Scientific classification
- Kingdom: Animalia
- Phylum: Chordata
- Class: Aves
- Order: Passeriformes
- Family: Thraupidae
- Genus: Cyanerpes
- Species: C. nitidus
- Binomial name: Cyanerpes nitidus (Hartlaub, 1847)

= Short-billed honeycreeper =

- Genus: Cyanerpes
- Species: nitidus
- Authority: (Hartlaub, 1847)
- Conservation status: LC

Species of bird

The short-billed honeycreeper (Cyanerpes nitidus) is a species of bird in the family Thraupidae, the tanagers and allies. It is found in Bolivia, Brazil, Colombia, Ecuador, Guyana, Peru, Suriname, and Venezuela.

==Taxonomy and systematics==

The short-billed honeycreeper was formally described in 1847 with the binomial Coereba nitida, as a member of a genus now occupied solely by the bananaquit (C. flaveola). It now shares genus Cyanerpes with three other species. It is monotypic.

==Description==

The short-billed honeycreeper is 9 cm to 10.5 cm long. It weighs about 9 g. It is the smallest member of its genus and has a somewhat shorter and less decurved bill than the others. The species is sexually dimorphic. Adult males are mostly purplish blue. They have a small black mask from the lores to just past the eye, a black throat and upper breast, black upperwing coverts, and a short black tail. Adult females have a mostly bright green head and a bright green nape and upperparts. They have dusky lores, a turquoise-green supercilium, and a turquoise-green malar stripe. Their upperwing coverts are bright green and their flight feathers brownish black with wide green edges. Their tail is mostly brownish black with green middle feathers and green tips on the next pair. Their throat is buff, their breast and sides dull white with an ochre tinge and green streaks, and their belly and undertail coverts buff. Both sexes have a dark brown iris and a black bill. Males' legs and feet are reddish and females' pale pink.

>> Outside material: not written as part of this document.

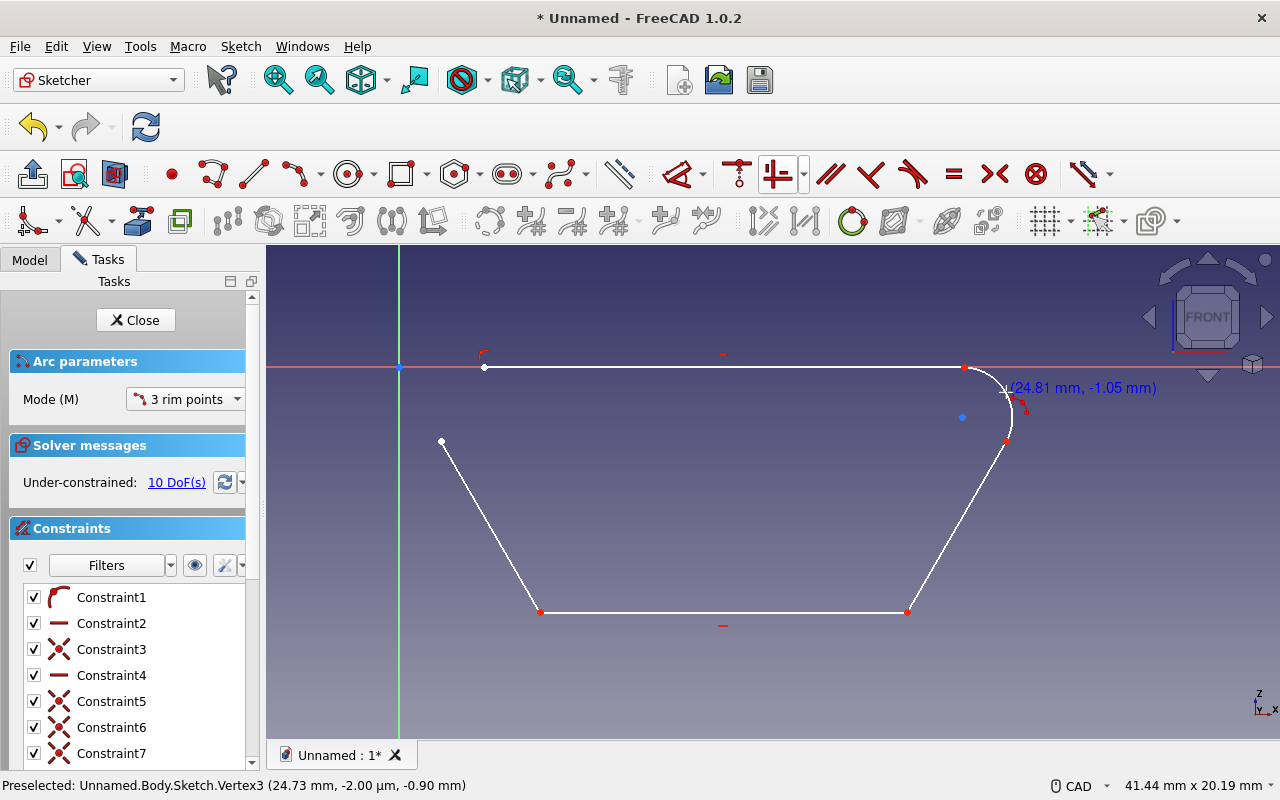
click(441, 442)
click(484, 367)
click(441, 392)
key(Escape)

==Distribution and habitat==

The short-billed honeycreeper is a bird of the central and western Amazon Basin. It is found in Venezuela in the southwestern half of Bolivar and essentially all of Amazonas states. From there its range extends east through Guyana into Suriname and south through the southeastern third of Colombia, through eastern Ecuador at widely scattered locations, and into northeastern Peru to eastern Pasco Department. From Colombia and Peru its range extends east into western Brazil to a line roughly traced from northern Amazonas to southern Pará and northern Mato Grosso and back west to western Rondônia (where it slightly extends into far northern Bolivia) and west-central Amazonas.

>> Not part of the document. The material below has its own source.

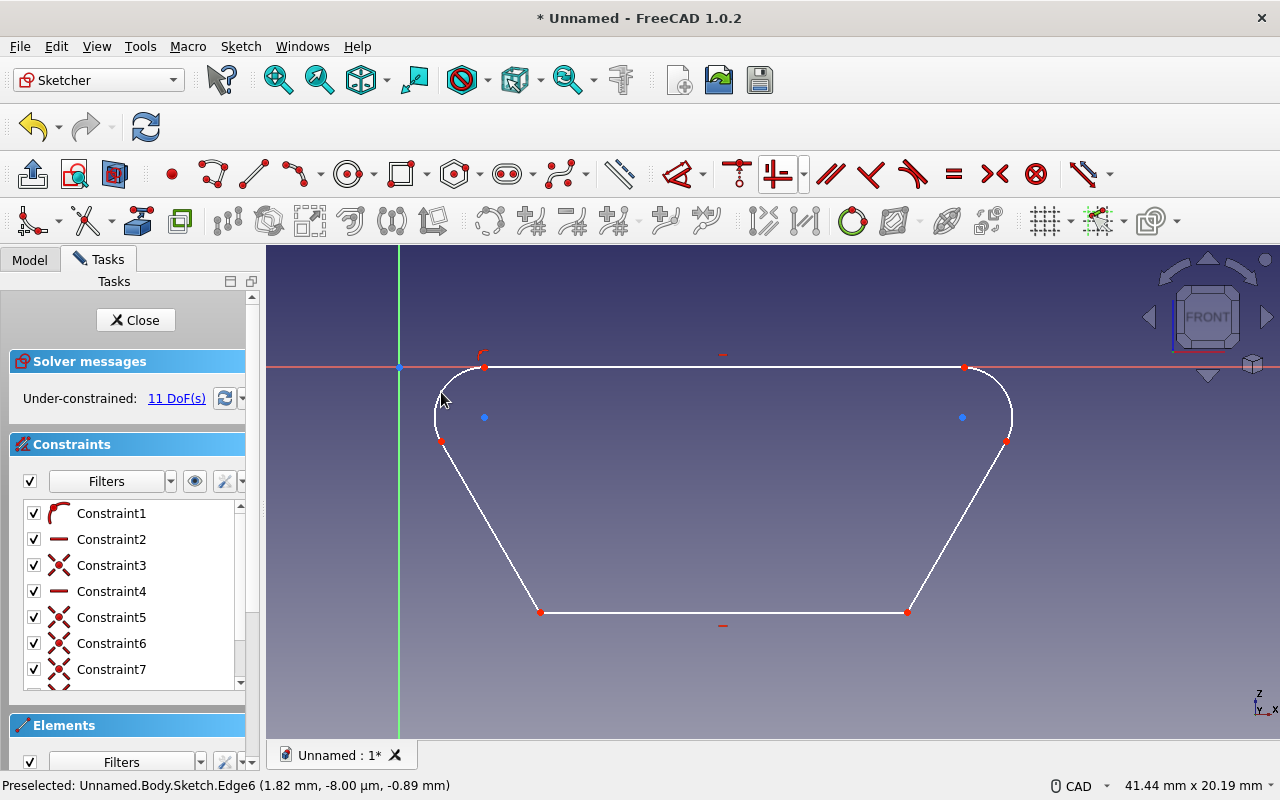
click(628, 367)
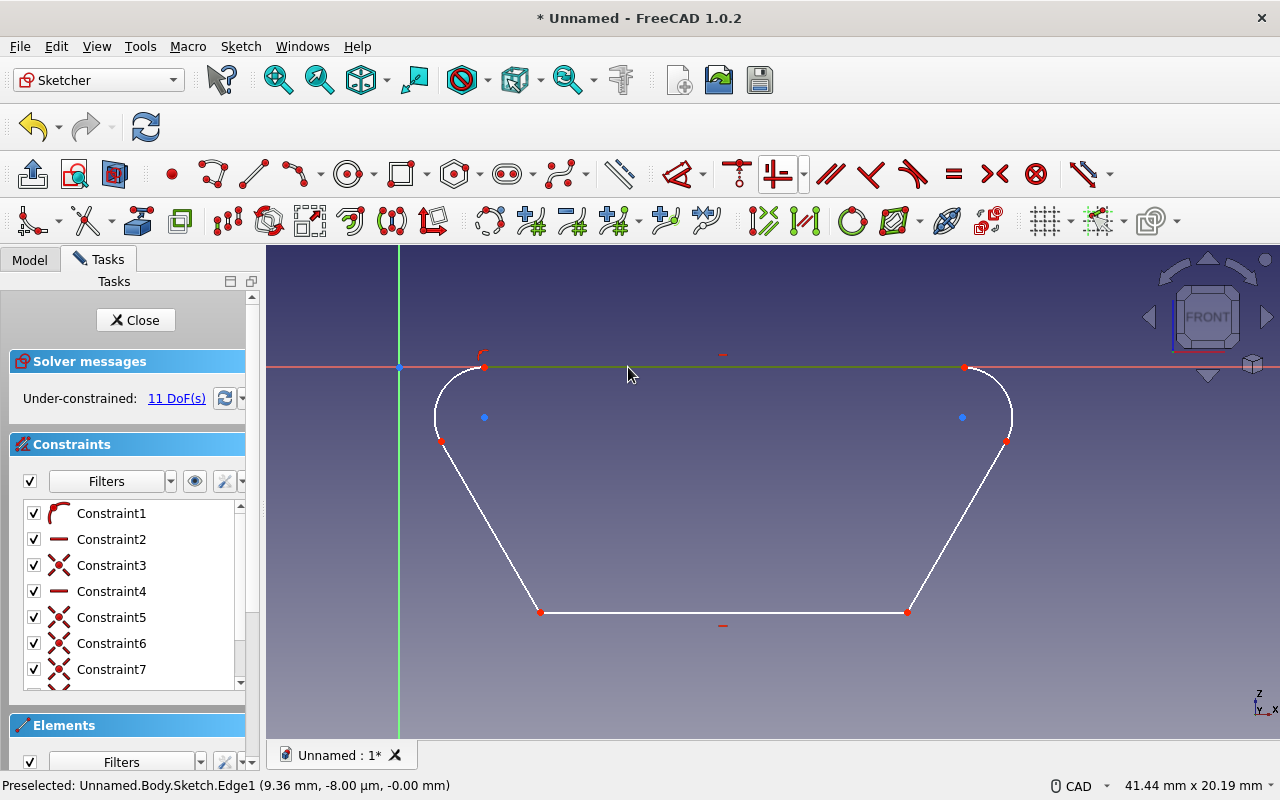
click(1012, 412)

The short-billed honeycreeper primarily inhabits the canopy, edges, and moderately treed clearings of tall terra firme and várzea forest. Much of its habitat is on nutrient-poor soils such as white sands and yellow soils. In elevation it reaches about 400 m in Venezuela, Colombia, Ecuador, and Brazil and 1000 m in Peru.

==Behavior==
===Movement===

The short-billed honeycreeper is a year-round resident.

===Feeding===

The short-billed honeycreeper's diet has not been studied but is known to include fruit, insects and other arthropods, nectar, and seeds. They typically forage singly or in pairs and almost always as members of a mixed-species feeding flock. Unlike the other three members of the genus, they seldom gather in same-species flocks. They take most of their prey from foliage in the forest canopy.

===Breeding===

Nothing is known about the short-billed honeycreeper's breeding biology.

===Vocalization===

As of August 2026 neither xeno-canto nor the Cornell Lab of Ornithology's Macaulay Library had recordings of a short-billed honeycreeper song. Its call has been described as "a short, high, rising tsee?".

==Status==

The IUCN has assessed the short-billed honeycreeper as being of Least Concern. It has a very large range; its population size is not known and is believed to be decreasing. No immediate threats have been identified. In Venezuela it is fairly common in sandy soil forest but "uncommon with records widely scattered" elsewhere. It is "locally common" in Colombia, "rare and local" in Ecuador, "uncommon to locally fairly common" in Peru, and "uncommon to rare" in Brazil. It occurs in several protected areas and has "a high sensitivity to human disturbance".